Babel

Why is the BBC in continual crisis? Because everything takes second place to"digital"
November 20, 1997

Seventy-five years ago in November, under a wireless licence from the General Post Office, the BBC went on the air. Four years later a royal charter turned Britain's first national broadcaster into a public service corporation. You might think, from today's remorseless moves into one commercial activity after another, that the BBC was preparing to become a company once again. What else could explain the unending traumas being inflicted on what Lord Annan called "arguably the most important cultural institution in the nation?"

"Digitalisation" is the BBC's current answer. Money must be saved, traditional practices jettisoned and services homogenised in order to release funds for the shift from analogue television to the new, superior form of transmission based on computer-coded pulses. Even if the dash to digital were imperative, the BBC's current actions would be a cruel form of robbing Peter to pay Paul. Over the next five years, a colossal 9 per cent of the BBC's licence fee income, now ?1.9 billion a year, will go into preparation for the alleged revolution. Today's audience is being deprived for the sake of tomorrow's.

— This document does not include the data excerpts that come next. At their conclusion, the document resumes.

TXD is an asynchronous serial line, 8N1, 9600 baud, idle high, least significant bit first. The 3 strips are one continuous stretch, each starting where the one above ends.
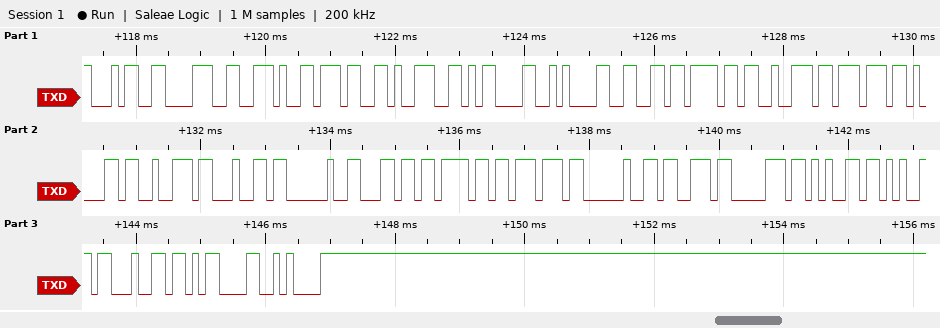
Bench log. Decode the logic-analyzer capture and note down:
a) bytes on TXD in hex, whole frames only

34 38 2E 37 39 0D 0A 66 6F 72 77 61 72 64 20 6C 6F 77 20 73 70 65 65 64 0D 0A
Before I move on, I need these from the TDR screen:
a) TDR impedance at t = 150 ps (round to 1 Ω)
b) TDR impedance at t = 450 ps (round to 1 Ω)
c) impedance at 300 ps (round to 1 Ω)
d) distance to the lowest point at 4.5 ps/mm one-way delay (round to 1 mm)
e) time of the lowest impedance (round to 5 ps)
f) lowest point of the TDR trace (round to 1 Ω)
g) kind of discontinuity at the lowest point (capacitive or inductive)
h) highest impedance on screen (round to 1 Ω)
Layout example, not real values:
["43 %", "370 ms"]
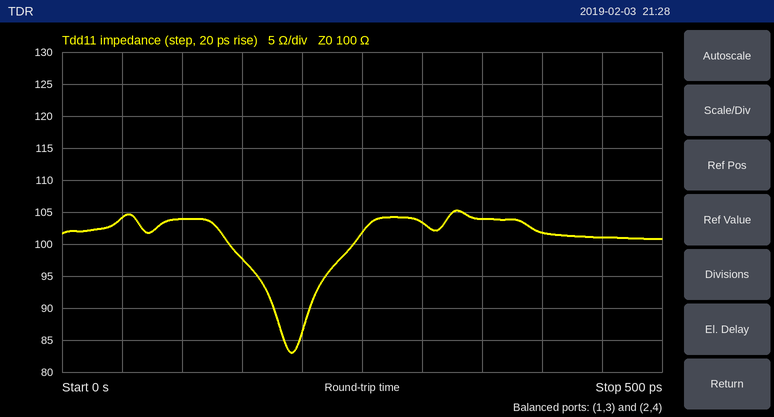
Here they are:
["98 Ω", "101 Ω", "103 Ω", "21 mm", "190 ps", "83 Ω", "capacitive", "105 Ω"]
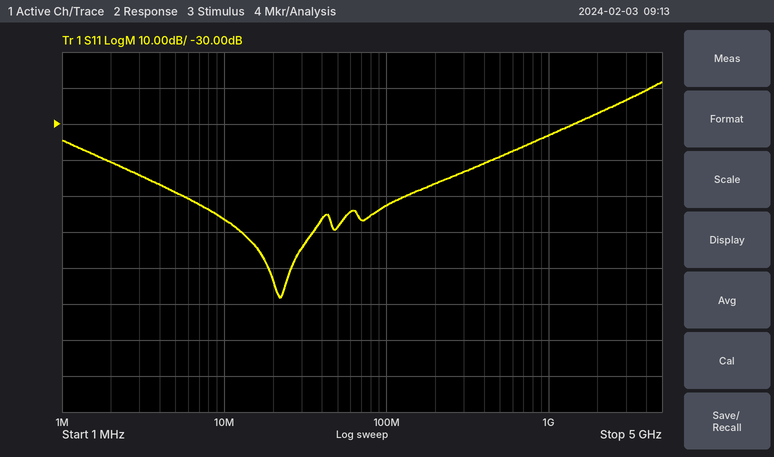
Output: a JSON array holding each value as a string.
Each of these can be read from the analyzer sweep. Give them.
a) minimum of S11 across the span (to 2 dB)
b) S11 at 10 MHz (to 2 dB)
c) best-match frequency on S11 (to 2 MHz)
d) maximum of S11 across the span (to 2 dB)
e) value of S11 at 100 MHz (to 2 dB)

The signs of deterioration are already visible. Budgets for costly programmes such as Newsnight are being cut back by up to 30 per cent, with consequences that can be seen on the screen: fewer reflective reports on distant subjects, more in-studio chatter. Question Time must now be staged more often in London. The proposal to abolish separate editors for individual news programmes-which sparked a revolt by big-name presenters-was justified by the need to centralise editing at Television Centre as part of the response to digital.

In answer to protests, the BBC points to the new digital services the money will make available-wide-screen television, themed channels, pay-television and its pet project, a 24-hour news channel. It omits to say that these new channels will for a long time be watched only by a few. The audience will in fact be limited to those willing to spend about ?200 on new equipment and who have an appetite for specialised television. After all, multi-channel television is available now, on cable and satellite, yet three quarters of the population chooses not to buy it.

A proper wariness of digital is being shown in the US. In September the Wall Street Journal proclaimed: "Promise of digital television is fading." Never in the history of US business, said the Journal, has there been a new technology that promised so much and delivered so little. Nobody in American television can understand how the digital bandwagon got so far, according to the report. Indeed, as an unhappy industry executive moaned: "The technology guys have been way ahead of the money guys."

In Britain, however, the BBC is in the hands of a technology guy. John Birt, its director-general, can make central spending decisions as no US commercial television executive can, because he has licence payers' compulsory contributions with which to pursue his vision. What's more, he is cheered on by the departments of culture, media and sport, and of trade and industry, which love schemes in which Britain appears to lead the world-whether or not the rest of the world is following. (Italians and Germans have responded coolly to digital when offered it.) Nobody denies that digital is television's next technical step. It will certainly come, just as digital telephony has, bringing welcome new services; but it must come gradually, not by fiat.

The sorriest explanation for what is happening to the BBC, however, goes beyond its desperation to go digital. The real goal, it appears to unhappy staff, is centralisation for its own sake. Structures, systems and statistics are revered because they give the BBC the look of a well managed company and because they further its global, commercial ambitions. The BBC's determination to create a 24-hour news channel is an example. Research shows, we are told, that the channel is wanted. But by whom? CNN and Sky News draw pathetically small audiences. This management-led race to enter "the 24-hour global news stakes" is of no interest to licence-fee payers. They cannot even expect to see the fee reduced, for there are no big earnings to be had from international television news.

The BBC does not deserve what has been done to it. Its institutional faults-bureaucracy, indecision, smugness, duplication of effort-are a legacy of its civil service mentality and decades of monopoly. Many of these faults remain, despite the pain of continuous restructuring since 1991. Yet much has been lost. The BBC is now clearly no place to make a career. The official doctrine of bimediality-that the skills that make good television will do for radio just as well-is patently untrue. The atrophy and dispersal of archives amounts to cultural vandalism. The breaking-up of the expertise of the English-language world service is a tragedy. And the BBC's use of English is deservedly mocked.

Ironically, the BBC has never been in less danger of privatisation. Never has the general public, seeing the high cost of subscription channels, so appreciated the value for money of the television licence. The BBC should concentrate its money on doing even better in the future what it does well now. That is the way to meet the competitive challenge of the digital age, in the distant day when it finally arrives.